Lo único que ha fallado, en los cálculos bien cimentados de Putin, ha sido el Ejército ruso. Este no ha estado en el lugar que el jefe del Kremlin le atribuía: por lo pronto no quería pelear y hemos visto la facilidad con que perdía las acciones que sus jefes les encomendaban. En primer término la de la acción. El Ejército de Putin no es ni sombra de lo que fue en algún momento: esa fuerza bien entrenada, equipada con armas modernas y, entre estas, un buen contingente de armas atómicas. Estas no sirven de gran cosa cuando un ejército se resiste a pelear, como se ha visto a la juventud rusa, dando una demostración al mundo de apatía y muy poca militancia. O de sabiduría.  Algo, en todo caso, que habla bien de la juventud rusa, que se niega a perder la vida por una causa innoble: la ocupación de Ucrania y lo que significaría para las fuerzas militares rusas. Es decir, una angustiosa demostración de la vileza que puede asumir una invasión militar: el rechazo de una población que, armada por la OTAN y, fundamentalmente, por los  Estados Unidos, resistiría la agresión y se defendería por todos los medios contra ella. El pueblo ucranio ha mostrado en estos días que un país no puede perpetrar, como quería Putin, una invasión pacífica de su territorio. Se ha defendido con uñas y dientes y lo que estamos viendo en la actualidad es una operación de humillación contra quienes, en vez de dejarse invadir, se las han arreglado para expulsar a los rusos de su territorio y reclaman a Occidente que les dé las armas que les permitan seguirse defendiendo. Es un reclamo justo, hasta que el propio Putin entienda que su concepción de Ucrania, como un pasivo apéndice de las fuerzas rusas es inactual y absurdo, y que, en todo caso, ha servido para que Europa –todo el mundo libre- haya manifestado su solidaridad con Ucrania, antes de saber que los ucranios sabían pelear y defenderse, sin dejarse intimidar por una fuerza descomunal, que no sabía ni quería pelear. No, al menos, con la buena conciencia del propio Putin, a quien, con el resultado de esta invasión,  la vida  será bastante difícil, cuando, los jerarcas del Kremlin se pongan a estudiar las consecuencias de la mal habida operación de invadir Ucrania, con el discutible resultado de encolerizar a una comunidad que no quería dejarse invadir, y a la que las intenciones rusas más bien han despertado y aguzado lo que hay que llamar un movimiento nacionalista exacerbado.

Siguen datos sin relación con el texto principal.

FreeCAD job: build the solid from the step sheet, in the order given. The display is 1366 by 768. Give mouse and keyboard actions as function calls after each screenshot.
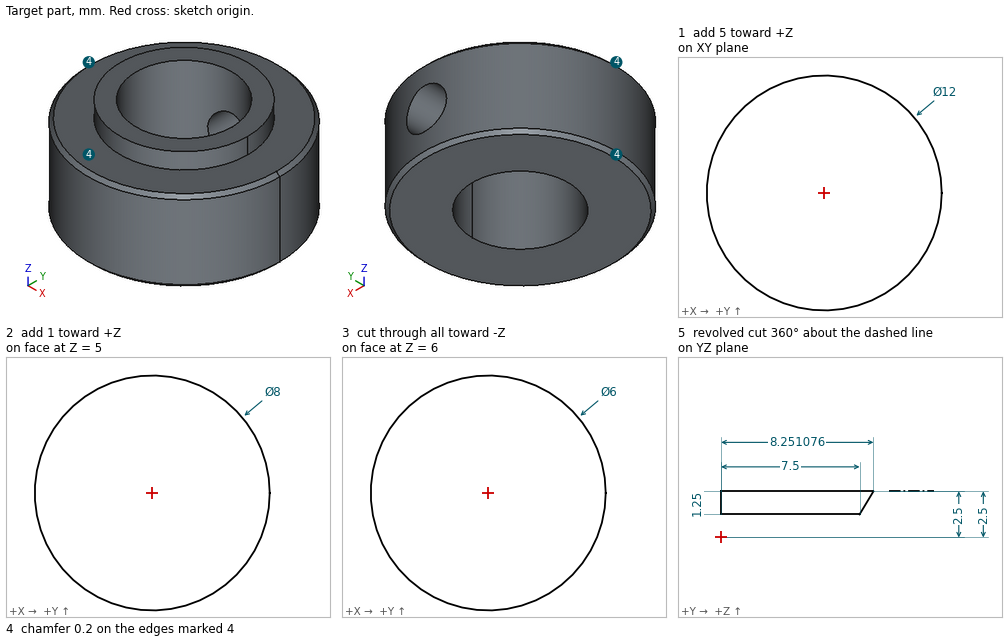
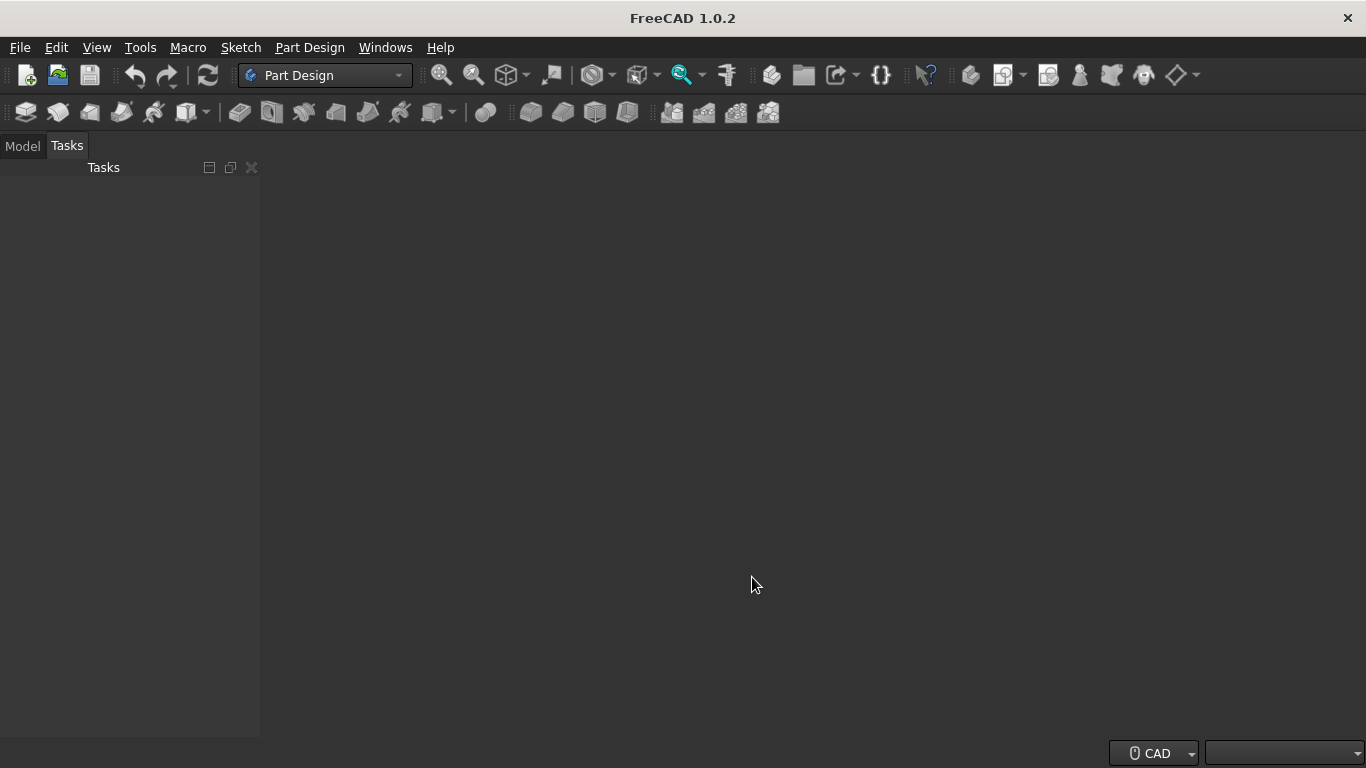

Vuelvo a lo que dije al principio. He leído todas las crónicas de los corresponsales que están allí, bajo las bombas, y cuyo testimonio es curiosamente afín: todos ellos, sin excepciones, señalan los últimos bombardeos rusos como destinados a poner fin a todo aquello con que los ucranios se disponen a enfrentar el invierno. Casas destruidas, edificios que fueron sólidos y que aparecen ahora despedazados, sistemas de calefacción deshechos o a punto de estarlo, y una ciudadanía que resiste, sabiendo muy bien que los más vulnerables entre ellos, por edad o por enfermedad, difícilmente sobrevivirán a este invierno, que amenaza con ser  más intenso y feroz que de costumbre. Frente a ello hay un gobierno que pide que se le dé al menos las armas con las que quiere defenderse. Este es un reclamo justo, de gentes que van a morir, y quienes tienen disposición deben cumplir con lo prometido. Es la única manera de ayudar a Ucrania en estos momentos y debemos estar a la altura, si no queremos que la voracidad imperialista de Putin se salga con la suya. Estados Unidos o la OTAN deben entregar las armas que han prometido y que permitan a los ucranios defenderse.